[[ Source material, beginning ]]

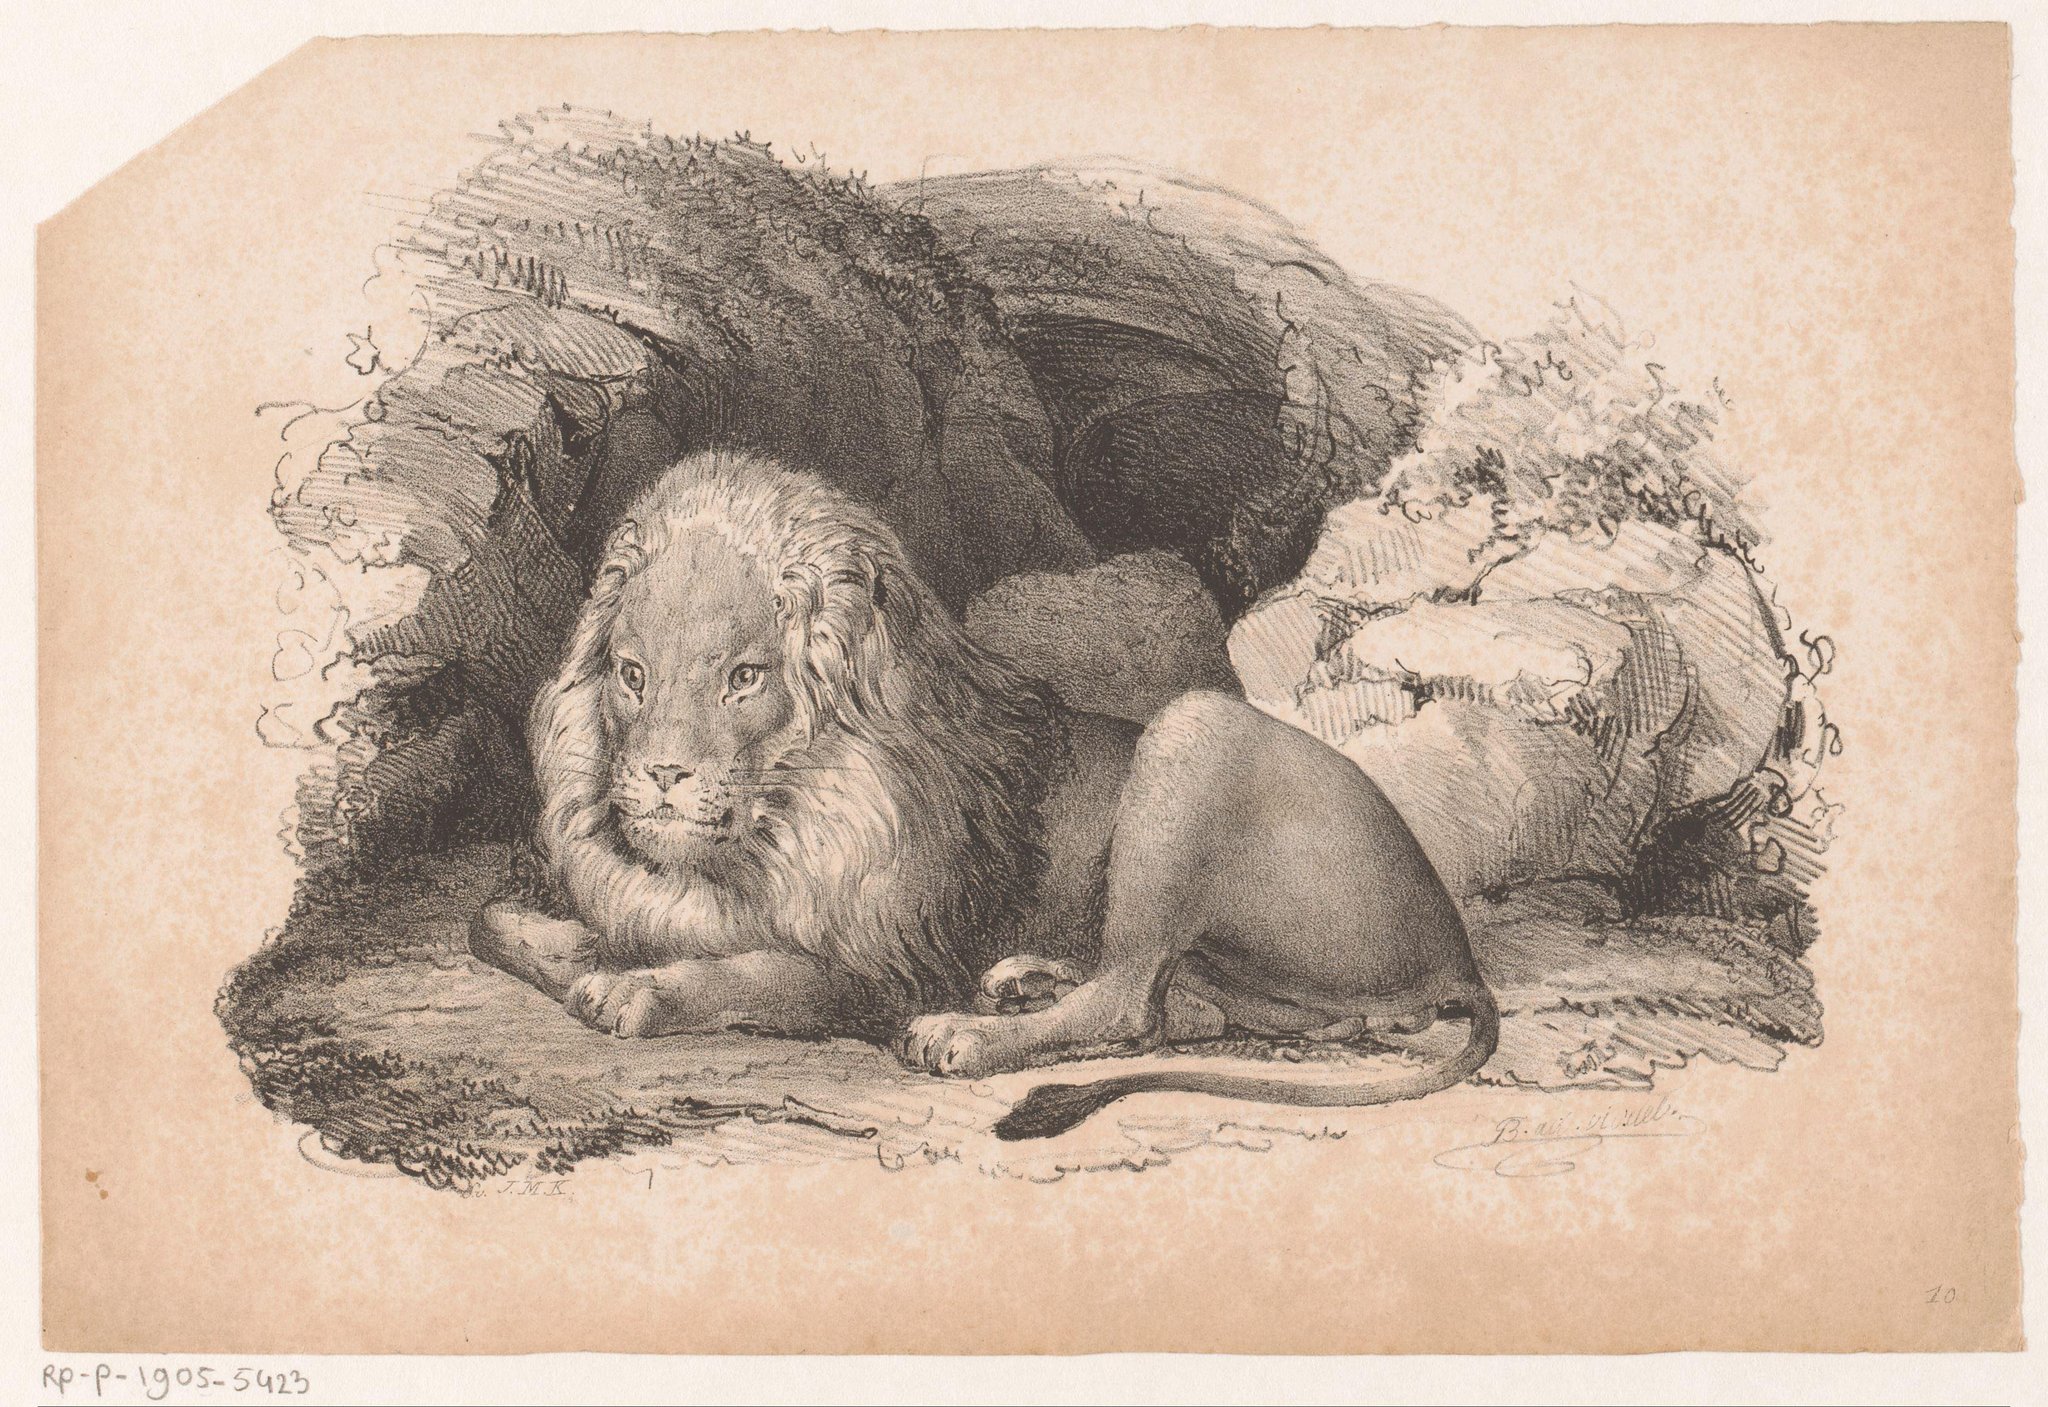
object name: print
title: Liggende leeuw
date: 1842
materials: paper
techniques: lithograph
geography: netherlands
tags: beasts of prey, predatory animals: lion, rocks
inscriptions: collector's mark: Lugt 2228
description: Deze prent verscheen in: Schlegel, H. De Diergaarde en het Museum van het genootschap Natura Artis Magistra te Amsterdam. Amsterdam, M. Westerman & Zoon, 1842, p. 72.
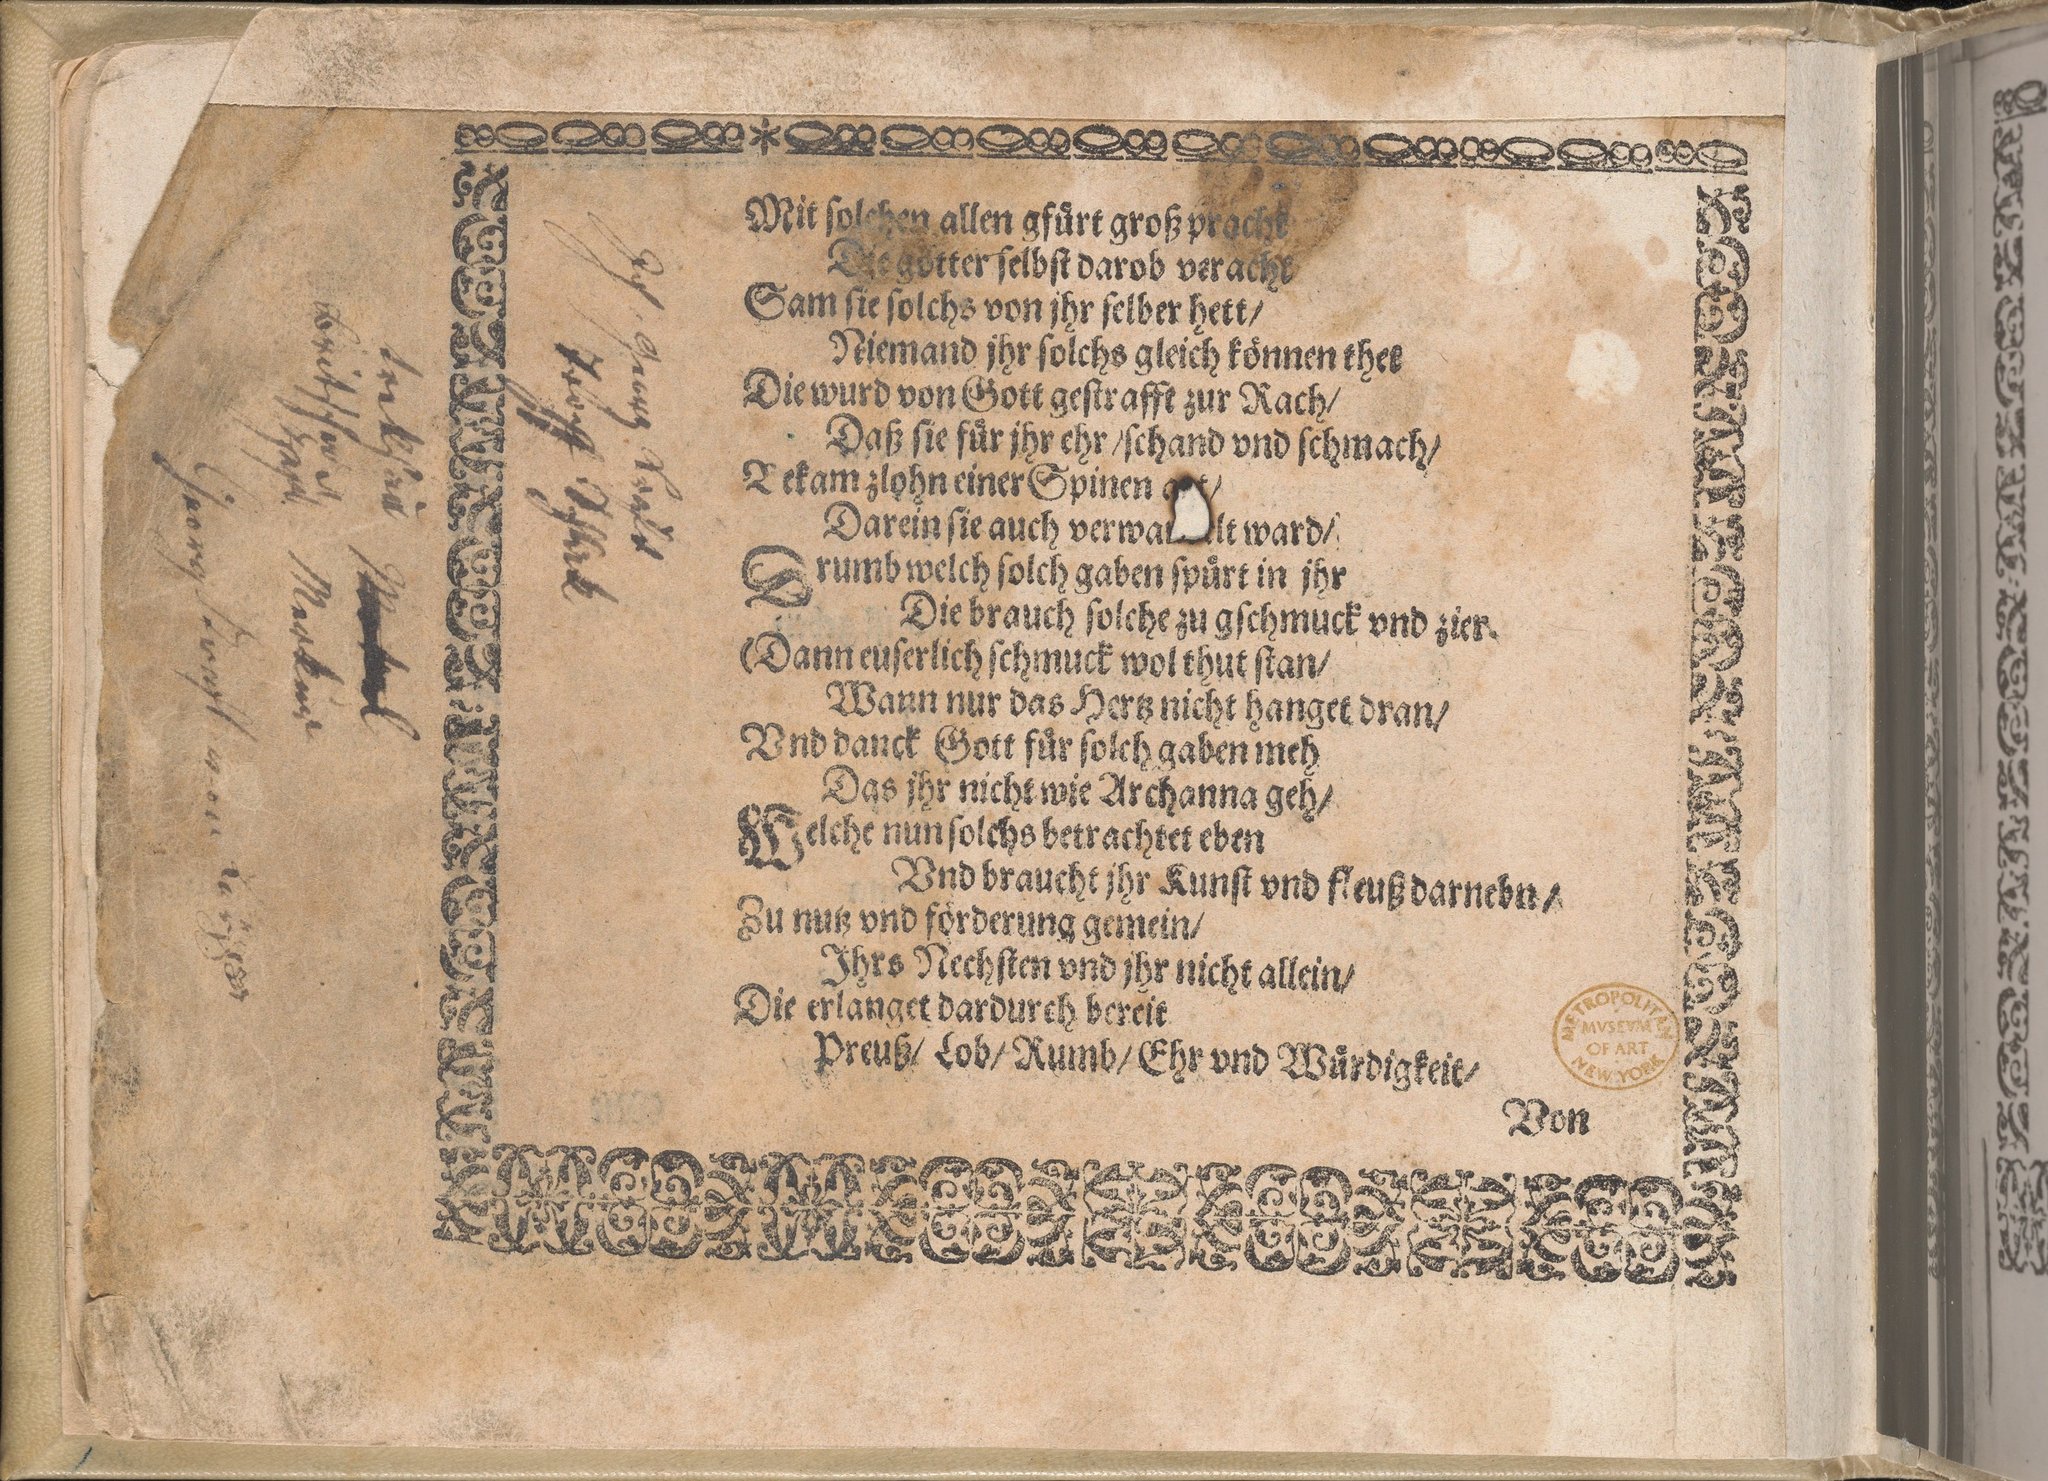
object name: book print ornament architecture
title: Schön Neues Modelbuch (Page 4 verso)
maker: johann sibmacher
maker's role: designer
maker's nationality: german
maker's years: 1590-1611
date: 1597
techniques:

[[ Source material, end ]]

Work instruction: Only the lines with the string "maker" are wanted; pick them out of the records above and copy them.

Solution:
maker: johann sibmacher
maker's role: designer
maker's nationality: german
maker's years: 1590-1611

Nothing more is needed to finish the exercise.